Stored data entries
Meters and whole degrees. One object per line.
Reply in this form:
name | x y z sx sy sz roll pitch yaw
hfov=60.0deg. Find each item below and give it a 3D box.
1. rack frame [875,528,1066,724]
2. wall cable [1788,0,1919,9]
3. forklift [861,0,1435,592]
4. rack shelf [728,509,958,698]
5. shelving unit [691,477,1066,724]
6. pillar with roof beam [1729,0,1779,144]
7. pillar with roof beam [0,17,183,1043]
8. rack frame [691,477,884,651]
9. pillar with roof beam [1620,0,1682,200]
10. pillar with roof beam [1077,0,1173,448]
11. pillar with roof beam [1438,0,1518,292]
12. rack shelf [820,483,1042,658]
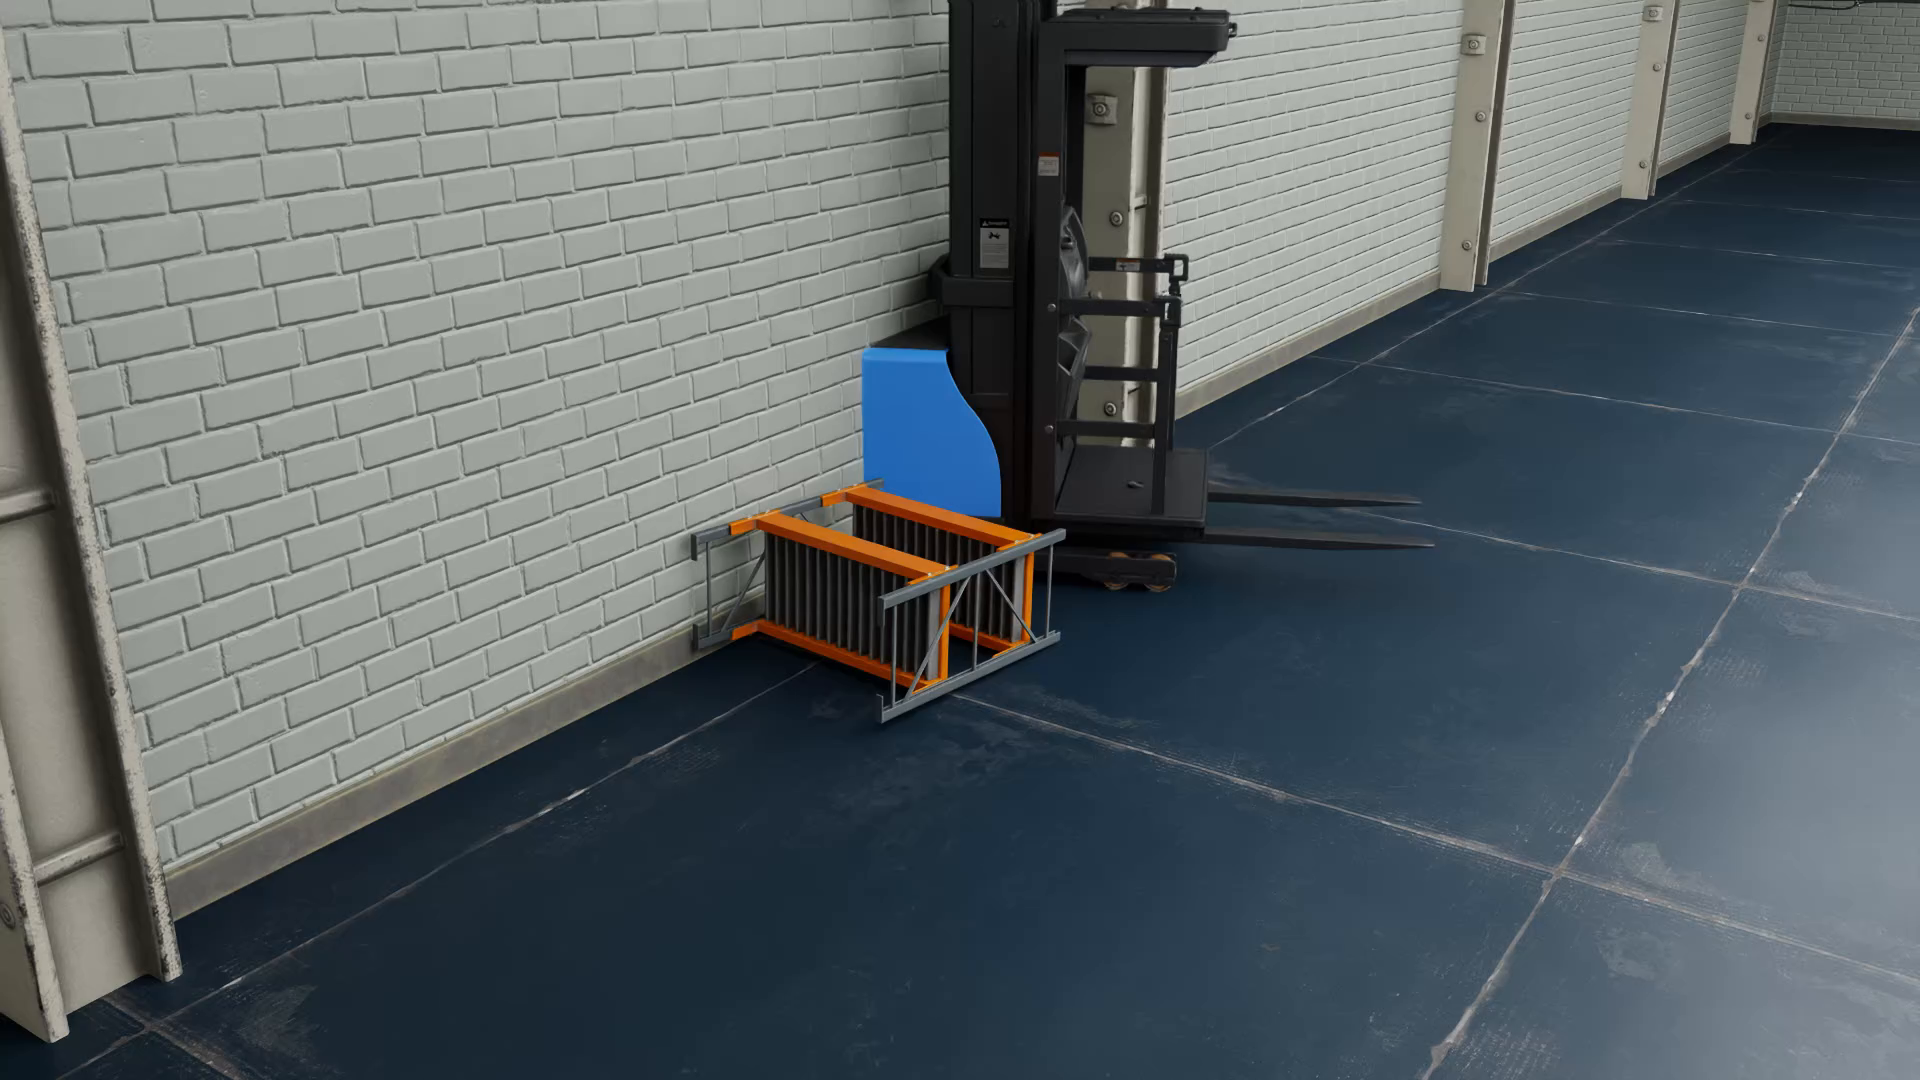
rack frame | 0.061 0.319 6.575 0.032 0.500 1.125 17 24 37
wall cable | 13.739 -8.948 23.959 3.097 2.526 0.112 13 24 32
forklift | 0.714 -1.337 7.655 3.031 2.935 1.130 3 21 9
rack shelf | -0.486 0.259 6.699 1.000 0.538 0.278 17 24 37
shelving unit | -0.330 0.202 6.878 1.048 0.538 1.125 17 24 37
pillar with roof beam | 14.550 -8.977 19.563 9.100 9.000 0.400 13 24 32
pillar with roof beam | 1.059 -2.091 0.947 9.100 9.000 0.400 13 24 32
rack frame | -0.721 0.085 7.181 0.032 0.500 1.125 17 24 37
pillar with roof beam | 11.177 -7.256 14.909 9.100 9.000 0.400 13 24 32
pillar with roof beam | 4.431 -3.813 5.601 9.100 9.000 0.400 13 24 32
pillar with roof beam | 7.804 -5.534 10.255 9.100 9.000 0.400 13 24 32
rack shelf | -0.143 0.135 7.093 1.000 0.538 0.278 17 24 37

*EXERCISE DIRECTIONS*. Begin at the line that has "4. rack shelf [728,509,958,698]" in the entries above; stop after the line that has "10. pillar with roof beam [1077,0,1173,448]". Transcribe exactly those lines and no others.

*RESULT*.
4. rack shelf [728,509,958,698]
5. shelving unit [691,477,1066,724]
6. pillar with roof beam [1729,0,1779,144]
7. pillar with roof beam [0,17,183,1043]
8. rack frame [691,477,884,651]
9. pillar with roof beam [1620,0,1682,200]
10. pillar with roof beam [1077,0,1173,448]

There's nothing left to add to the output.